Israel's Prime Minister is accused of easing regulations in exchange for favourable press coverage

    Police investigators arrive at the Prime Minister's residence in Jerusalem on Friday
    Police investigators arrive at the Prime Minister's residence in Jerusalem on Friday (Photo: Flash90)

    Benjamin Netanyahu is due to face another round of police questioning on Friday, this time into his allegedly corrupt relationship with the chairman of Bezeq, Israel’s largest telecommunications firm.

    The prime minister and his wife, Sara, are suspected of guaranteeing regulatory benefits to Shaul Alovich in return for favourable media coverage on Walla!, a news website owned by Bezeq’s main shareholder.

    The questioning comes a day before Mr Netanyahu leaves on Saturday night for Washington, where he will meet President Donald Trump and address the annual AIPAC conference. 

    At an arrest hearing for other suspects in the case at Tel Aviv District Court on Tuesday, state prosecution representative Yehudit Tirosh described the suspicions as “a serious case of giving and receiving bribes” involving Mr Netanyahu. 

    Interactive explainer: five corruption allegations facing Benjamin Netanyahu

    The investigators believe that the prime minister used his close aide Shlomo Filber, who spent three years as director-general at Israel’s Communications Ministry, to intervene in the regulatory process to the benefit of Mr Alovich's businesses.

    In return, the investigators allege, Mr Netanyahu received glowing coverage on the Walla! website owned by Bezeq, at a time when the prime minister was also serving as communications minister.

    Mr Filber signed a state witness agreement last week and is currently cooperating with the police.

    The Israeli Prime Minister is also expected to be questioned over allegations that Nir Hefetz, one of his aides, approached a retired judge to ask whether she would be interested in becoming the next attorney-general in exchange for closing an investigation into misuse of public funds by Sara Netanyahu.

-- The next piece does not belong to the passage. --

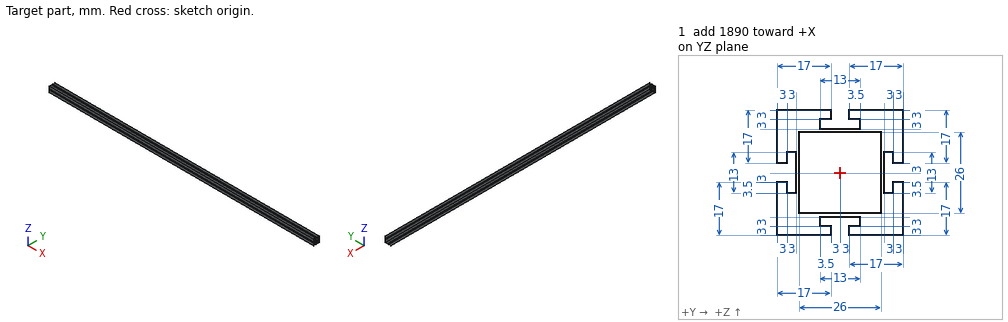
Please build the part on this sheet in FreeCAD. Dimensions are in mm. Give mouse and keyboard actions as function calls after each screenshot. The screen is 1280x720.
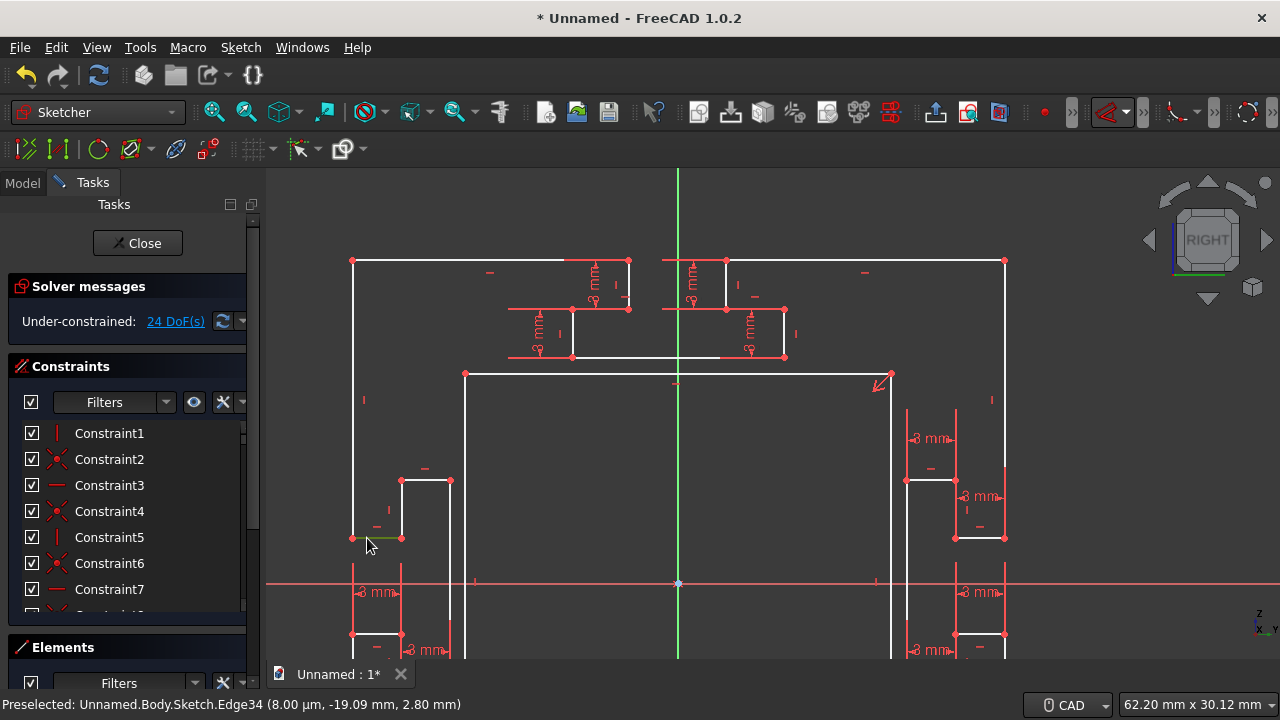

    Mr Netanyahu is already the subject of two prior corruption investigations in which police have recommended he be indicted for bribery and fraud.

    He said earlier this week that the latest allegations were “a new balloon” and that “all actions (of the communications ministry) were carried out in a proper fashion and based on the recommendations of the professional civil servants.”

    Shaul Alovich and Nir Hefetz have been in police custody for nearly two weeks.